Jodie called to ask if we could meet later; I agreed and then lay down for a short nap. After I'd been up for a bit Sandra called to ask if she and Lee could come by. Mr. Kim had told them they could take whatever they wanted from the apartment after I was gone, so she wanted to make sure they could find it. They came in and visited for 20 minutes or so, and I gave them the pottery set, the bread from Octavia, and the thank you notes to deliver to the kids. Sandra again said how she'd miss working with me, and I said I felt the same. Another goodbye.

Jodie came around 8:00, and stayed until after midnight. Go away! She's a little strange, but I was so tired. And hungry, actually. I ate lunch at around 2 PM at Shinbok, and then Sandra came, then I kept expecting Jodie to come, so I had put off eating dinner. I finally had yoghurt and a sandwich at around 12:30. Jodie took quite a few things with her; I felt good that some things would get some more use out of them.

That brings me to the last day of Korea. More packing, more cleaning. I took the remaining unwanted clothes outside to find the donation box gone, so I left the clothes where the box used to be in the hopes that an ajumma will find it and do something useful with the clothes. I went down the Lotte Department Store to spend the gift certificate. At first I spent 38,000 won, thinking (as Octavia had told me) that they'd give me cash back. Well, they did—12,000 won, and a 50,000 won gift certificate. Ugh, more shopping! The actual department store part wasn't too crowded, but the discount store was. I finally found some more stuff to buy, but ended up spending the entire thing plus 1,000 won.

Back to the apartment, again being extra-observant on the bus ride and walk home. Another nap at home, more cleaning, more packing, and pleasantly surprised to find that everything seems to fit (tomorrow morning will be the final test!). I hope neither of the bags is too heavy! I'm also hoping there won't be a problem with the carry-ons. I have my computer bag, a purse, and a shopping bag with the framed verse from Simin (with the frame and glass cover, I didn't trust it to be checked, even if I sandwiched it between clothes). If need be I can stick my purse in the shopping bag to say that I only have 2 bags to carry on, right?

Has it really sunk in that I'm leaving? The apartment is looking pretty bare, I'm excited to be going home, yet I feel as if my goodbyes were insufficient.

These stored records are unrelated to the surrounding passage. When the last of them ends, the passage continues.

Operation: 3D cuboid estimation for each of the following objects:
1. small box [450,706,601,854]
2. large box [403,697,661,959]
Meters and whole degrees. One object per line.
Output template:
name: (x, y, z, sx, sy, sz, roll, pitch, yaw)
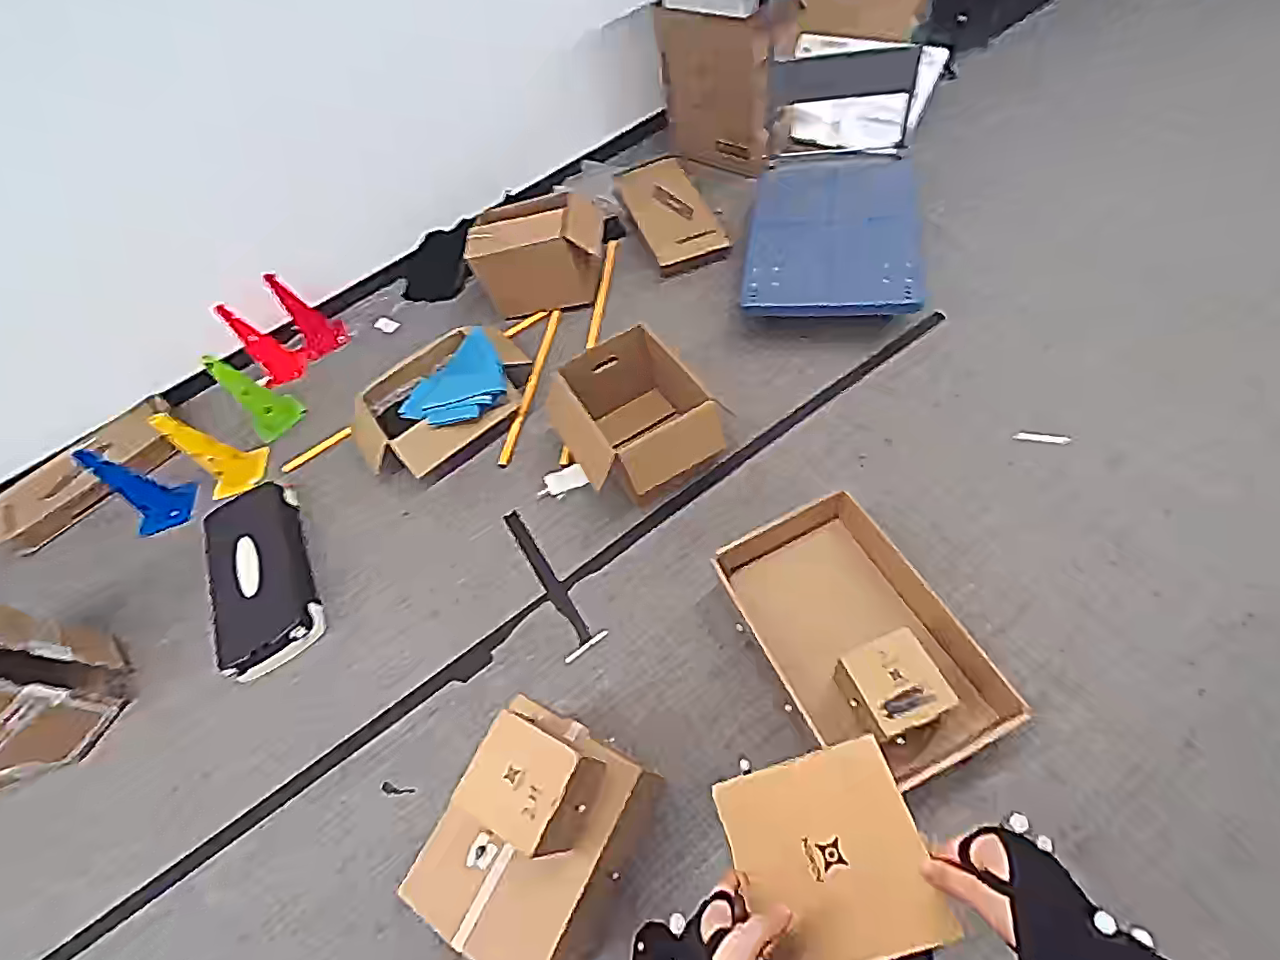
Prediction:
small box: (-0.195, 0.537, 0.971, 0.179, 0.176, 0.168, 19, 66, 23)
large box: (-0.192, 0.737, 1.141, 0.320, 0.320, 0.408, 19, 66, 24)

A week of saying goodbye somehow doesn't seem enough for a place that's been my home for over 2 years. I guess it's the whole leaving-and-probably-never-coming-back thing. Now that I'm leaving, I feel as if I know Korea so well. In some ways, I think I know it better than my own country and culture. Reverse culture shock—how bad will it be?

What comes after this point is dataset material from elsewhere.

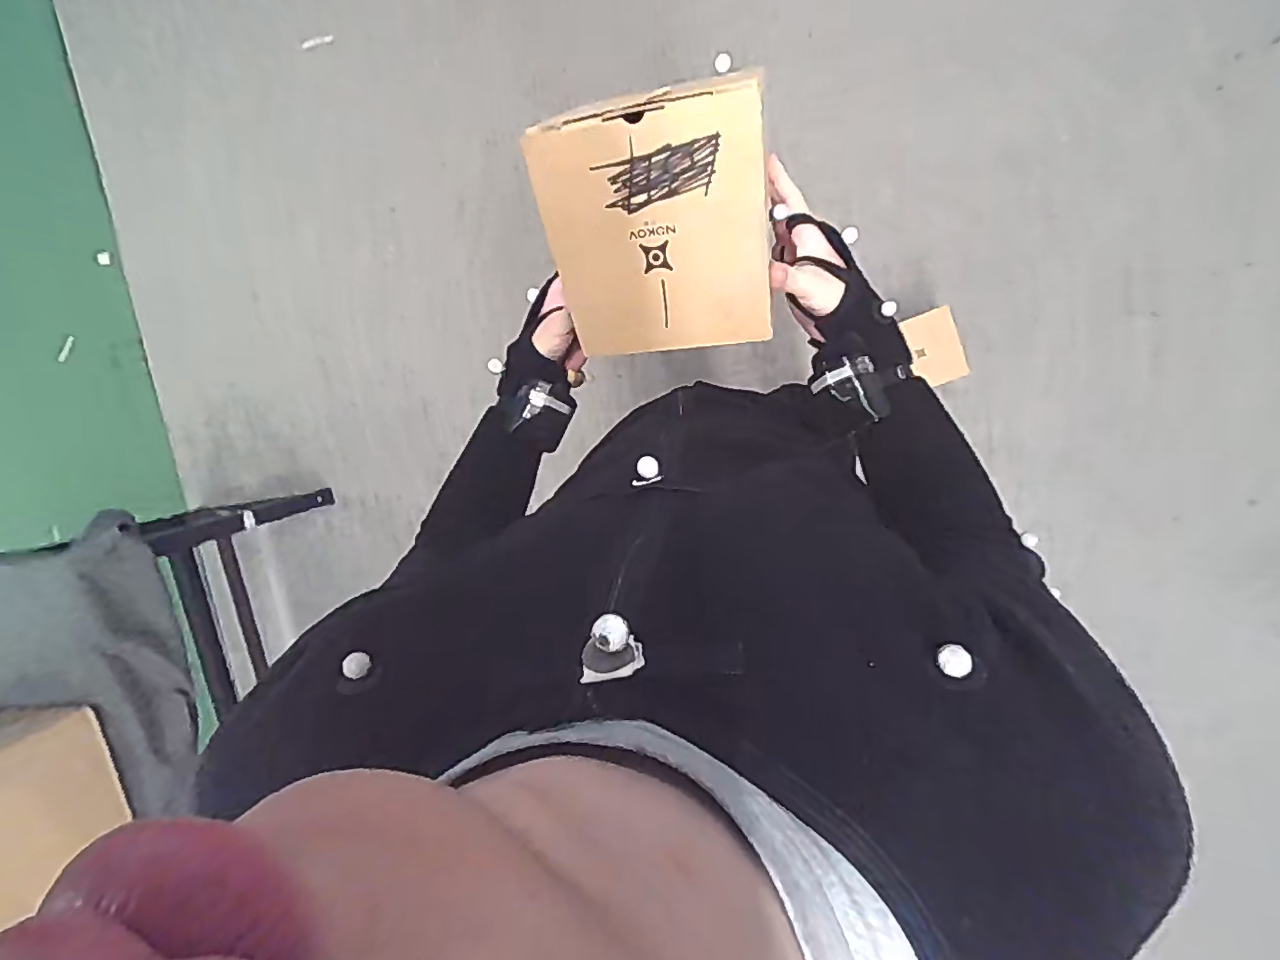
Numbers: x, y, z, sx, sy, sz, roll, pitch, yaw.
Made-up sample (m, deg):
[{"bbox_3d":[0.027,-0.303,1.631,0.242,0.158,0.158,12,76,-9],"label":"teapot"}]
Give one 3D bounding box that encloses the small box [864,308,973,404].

Sunday, September 26, 2004

Internet Censorship

Well, blogs are inaccessible again, but I'll be gone soon and the Korean government has shown how (not) concerned they are about foreigners. With my American brain, my first thought is that Korea can't expect to advance much within the international world or as the desired hub of Asia when they do stupid things like internet censorship. However, some things recently have put it in perspective.

First, the Brainysmurf's writings about internet censorship in China show me that some countries have it worse off.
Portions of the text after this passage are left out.